COURTESY CITIZENS OF THE PLANET
Toni Childs is great fun to talk to … if you can catch her. She’s passionate and funny and laughs a lot. But when I try to call her at the appointed time, there’s no response. Two hours later, she calls with an apology. She’d misplaced her phone.
We chat for about 10 minutes before she remembers she’s late for a radio interview. Later that night she sends me a handful of texts apologising that she didn’t ring back.
I don’t take this slipperiness personally. Talking to Childs, you get the impression of someone whose mind is always running on ahead of the rest of us. Sentences go unfinished in a rush to chase a train of thought.
Of course, Childs has a lot on her mind. When we (finally) speak, she’s about to embark on an Australian tour in support of her recent record. But she’s already thinking about her next album, Citizens of the Planet, which will form the basis of a production quite unlike anything else she’s done.
The production certainly sounds ambitious. Even Childs has trouble explaining it. There’s talk of a giant compass, thoughts firing synapses and looking at the universe through a telescope. I want to get down to basics – will she still be singing?
“It’s all music-generated,” she says. “There’ll be a lot of visuals and some talking points.”
Childs says she’s keen to engage the audience with some big questions. “There are things I’m distressed about. When do we get that it’s a crime to sell guns to a man who’s going to put them in the hands of children? Why do we need to subjugate each other? We have to figure these things out.”
Part of the inspiration for this change in tack comes from the rapport Childs has built with her listeners. The Citizens of the Planet album was funded by her fans, through Facebook and her website. She says this support gave her the courage to go ahead and move outside her comfort zone.

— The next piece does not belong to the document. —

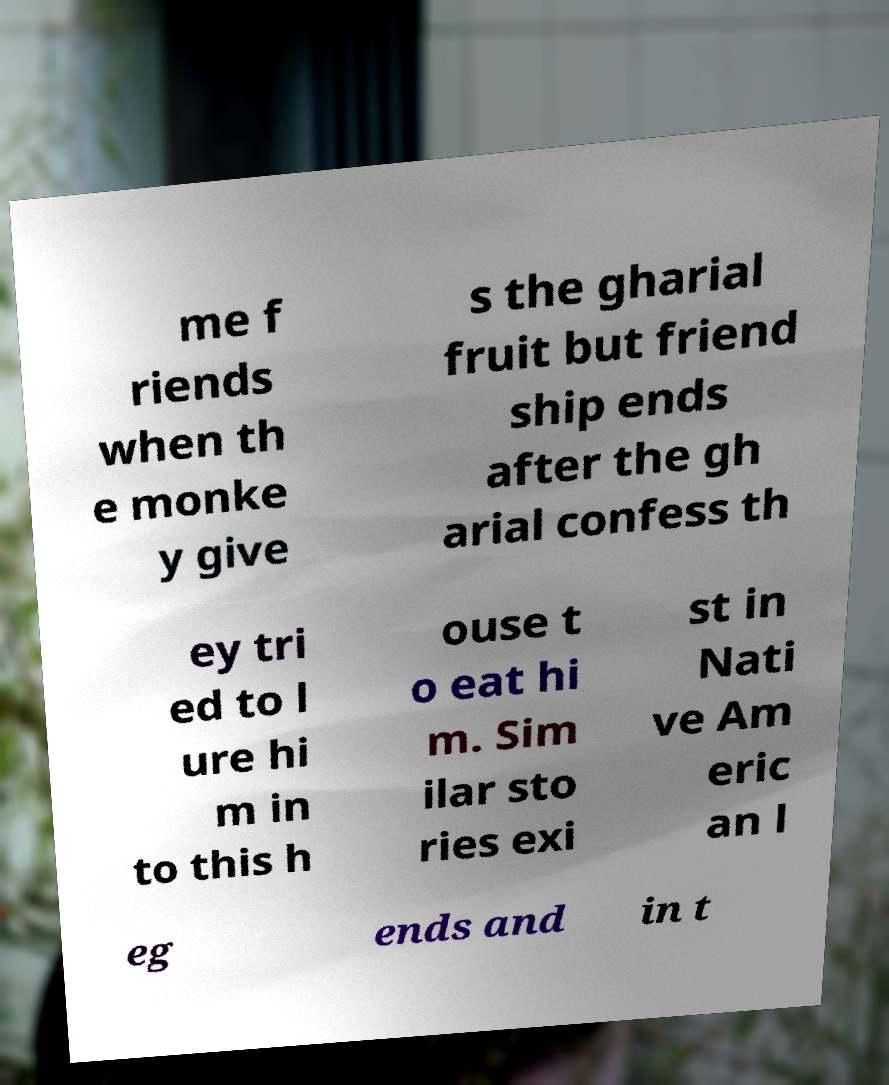For documentation purposes, I need the text within this image transcribed. Could you provide that? me f riends when th e monke y give s the gharial fruit but friend ship ends after the gh arial confess th ey tri ed to l ure hi m in to this h ouse t o eat hi m. Sim ilar sto ries exi st in Nati ve Am eric an l eg ends and in t

“I was able to say, ‘This is what I’m doing; if you want to help me make it, you can pre-buy’.”
She seems to be enjoying this closer connection with her audience. “It gives me an opportunity to actually have a relationship with them. The thing about fame is it can be like a prison. I’ve had that experience, where you’re alone, behind this mythic wall.”
There’s certainly no shortage of fans in Australia. Childs’ records have always sold well here. In fact, she recently relocated from Hawaii to Myocum, a small town in rural New South Wales. When I ask why, she says something about being lured here by a white whale that traverses the Pacific. Again, I get a sense of someone chasing threads that remain invisible to the rest of us.
Another deciding factor was her marrying an Australian in January. It isn’t hard to spot some divine intervention. The pair met on a plane grounded by a bolt of lightning.
“We made a real connection on that flight. I was sitting in his seat, because they’d changed mine at the last minute. He looked like he played something, so I asked him what, and that kind of opened the door.”
She pauses. “Plus he had a really great ass.”
Childs’ life story has always had a sense of the mythic. She was raised in an ultra-religious family, cut off from popular culture, then ran away at 15 to become a blues musician. She had already discovered her incredible voice, which seemed to arrive fully formed, like a gift from the gods.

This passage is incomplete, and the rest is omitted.